* **Work order**:
All of the data must be output without alteration.

(The records begins)

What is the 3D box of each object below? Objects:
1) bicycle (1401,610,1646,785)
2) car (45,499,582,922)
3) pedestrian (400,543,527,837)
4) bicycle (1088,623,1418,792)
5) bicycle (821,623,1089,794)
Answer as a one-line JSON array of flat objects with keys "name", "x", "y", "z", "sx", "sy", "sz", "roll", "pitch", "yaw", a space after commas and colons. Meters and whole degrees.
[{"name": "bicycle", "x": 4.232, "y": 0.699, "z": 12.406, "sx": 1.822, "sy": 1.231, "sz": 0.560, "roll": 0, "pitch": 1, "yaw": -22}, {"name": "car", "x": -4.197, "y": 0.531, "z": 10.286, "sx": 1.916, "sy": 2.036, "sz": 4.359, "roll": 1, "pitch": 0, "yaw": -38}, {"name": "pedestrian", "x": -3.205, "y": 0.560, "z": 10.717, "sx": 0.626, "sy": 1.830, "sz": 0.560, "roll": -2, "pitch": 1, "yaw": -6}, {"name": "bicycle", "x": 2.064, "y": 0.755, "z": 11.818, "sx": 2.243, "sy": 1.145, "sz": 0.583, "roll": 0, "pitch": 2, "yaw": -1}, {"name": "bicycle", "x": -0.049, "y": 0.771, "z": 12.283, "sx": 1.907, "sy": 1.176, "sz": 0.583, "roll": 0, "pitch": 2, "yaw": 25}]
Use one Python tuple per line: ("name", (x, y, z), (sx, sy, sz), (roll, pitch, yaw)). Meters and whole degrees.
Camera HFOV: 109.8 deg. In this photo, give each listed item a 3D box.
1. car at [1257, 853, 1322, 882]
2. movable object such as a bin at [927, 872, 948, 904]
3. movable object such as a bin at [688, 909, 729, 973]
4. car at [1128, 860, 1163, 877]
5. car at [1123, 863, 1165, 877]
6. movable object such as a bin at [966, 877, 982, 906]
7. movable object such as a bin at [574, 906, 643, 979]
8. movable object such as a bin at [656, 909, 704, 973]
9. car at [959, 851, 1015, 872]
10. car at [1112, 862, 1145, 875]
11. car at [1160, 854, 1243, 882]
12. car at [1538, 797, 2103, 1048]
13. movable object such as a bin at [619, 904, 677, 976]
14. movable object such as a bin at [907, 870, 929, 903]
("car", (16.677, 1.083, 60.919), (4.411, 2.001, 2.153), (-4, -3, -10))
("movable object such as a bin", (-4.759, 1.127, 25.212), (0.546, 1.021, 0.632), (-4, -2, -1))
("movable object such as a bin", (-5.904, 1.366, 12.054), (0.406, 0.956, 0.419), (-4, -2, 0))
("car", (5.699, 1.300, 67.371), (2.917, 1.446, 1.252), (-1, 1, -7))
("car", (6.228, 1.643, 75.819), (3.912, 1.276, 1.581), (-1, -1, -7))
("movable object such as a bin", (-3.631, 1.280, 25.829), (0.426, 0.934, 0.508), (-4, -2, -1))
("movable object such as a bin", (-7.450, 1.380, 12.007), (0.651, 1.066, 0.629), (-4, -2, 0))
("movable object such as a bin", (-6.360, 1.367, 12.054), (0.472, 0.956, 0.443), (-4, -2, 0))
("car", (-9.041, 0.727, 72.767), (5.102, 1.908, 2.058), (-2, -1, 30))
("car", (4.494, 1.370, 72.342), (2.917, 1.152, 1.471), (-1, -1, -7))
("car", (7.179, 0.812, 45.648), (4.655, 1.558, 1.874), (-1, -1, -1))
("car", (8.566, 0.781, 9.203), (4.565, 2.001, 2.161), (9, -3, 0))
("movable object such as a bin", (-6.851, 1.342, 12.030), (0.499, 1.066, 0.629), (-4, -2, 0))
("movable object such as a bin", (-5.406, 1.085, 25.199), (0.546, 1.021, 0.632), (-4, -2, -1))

(The records ends)

* **Expected output**:
What is the 3D box of each object below? Objects:
1) bicycle (1401,610,1646,785)
2) car (45,499,582,922)
3) pedestrian (400,543,527,837)
4) bicycle (1088,623,1418,792)
5) bicycle (821,623,1089,794)
Answer as a one-line JSON array of flat objects with keys "name", "x", "y", "z", "sx", "sy", "sz", "roll", "pitch", "yaw", a space after commas and colons. Meters and whole degrees.
[{"name": "bicycle", "x": 4.232, "y": 0.699, "z": 12.406, "sx": 1.822, "sy": 1.231, "sz": 0.560, "roll": 0, "pitch": 1, "yaw": -22}, {"name": "car", "x": -4.197, "y": 0.531, "z": 10.286, "sx": 1.916, "sy": 2.036, "sz": 4.359, "roll": 1, "pitch": 0, "yaw": -38}, {"name": "pedestrian", "x": -3.205, "y": 0.560, "z": 10.717, "sx": 0.626, "sy": 1.830, "sz": 0.560, "roll": -2, "pitch": 1, "yaw": -6}, {"name": "bicycle", "x": 2.064, "y": 0.755, "z": 11.818, "sx": 2.243, "sy": 1.145, "sz": 0.583, "roll": 0, "pitch": 2, "yaw": -1}, {"name": "bicycle", "x": -0.049, "y": 0.771, "z": 12.283, "sx": 1.907, "sy": 1.176, "sz": 0.583, "roll": 0, "pitch": 2, "yaw": 25}]
Use one Python tuple per line: ("name", (x, y, z), (sx, sy, sz), (roll, pitch, yaw)). Meters and whole degrees.
Camera HFOV: 109.8 deg. In this photo, give each listed item a 3D box.
1. car at [1257, 853, 1322, 882]
2. movable object such as a bin at [927, 872, 948, 904]
3. movable object such as a bin at [688, 909, 729, 973]
4. car at [1128, 860, 1163, 877]
5. car at [1123, 863, 1165, 877]
6. movable object such as a bin at [966, 877, 982, 906]
7. movable object such as a bin at [574, 906, 643, 979]
8. movable object such as a bin at [656, 909, 704, 973]
9. car at [959, 851, 1015, 872]
10. car at [1112, 862, 1145, 875]
11. car at [1160, 854, 1243, 882]
12. car at [1538, 797, 2103, 1048]
13. movable object such as a bin at [619, 904, 677, 976]
14. movable object such as a bin at [907, 870, 929, 903]
("car", (16.677, 1.083, 60.919), (4.411, 2.001, 2.153), (-4, -3, -10))
("movable object such as a bin", (-4.759, 1.127, 25.212), (0.546, 1.021, 0.632), (-4, -2, -1))
("movable object such as a bin", (-5.904, 1.366, 12.054), (0.406, 0.956, 0.419), (-4, -2, 0))
("car", (5.699, 1.300, 67.371), (2.917, 1.446, 1.252), (-1, 1, -7))
("car", (6.228, 1.643, 75.819), (3.912, 1.276, 1.581), (-1, -1, -7))
("movable object such as a bin", (-3.631, 1.280, 25.829), (0.426, 0.934, 0.508), (-4, -2, -1))
("movable object such as a bin", (-7.450, 1.380, 12.007), (0.651, 1.066, 0.629), (-4, -2, 0))
("movable object such as a bin", (-6.360, 1.367, 12.054), (0.472, 0.956, 0.443), (-4, -2, 0))
("car", (-9.041, 0.727, 72.767), (5.102, 1.908, 2.058), (-2, -1, 30))
("car", (4.494, 1.370, 72.342), (2.917, 1.152, 1.471), (-1, -1, -7))
("car", (7.179, 0.812, 45.648), (4.655, 1.558, 1.874), (-1, -1, -1))
("car", (8.566, 0.781, 9.203), (4.565, 2.001, 2.161), (9, -3, 0))
("movable object such as a bin", (-6.851, 1.342, 12.030), (0.499, 1.066, 0.629), (-4, -2, 0))
("movable object such as a bin", (-5.406, 1.085, 25.199), (0.546, 1.021, 0.632), (-4, -2, -1))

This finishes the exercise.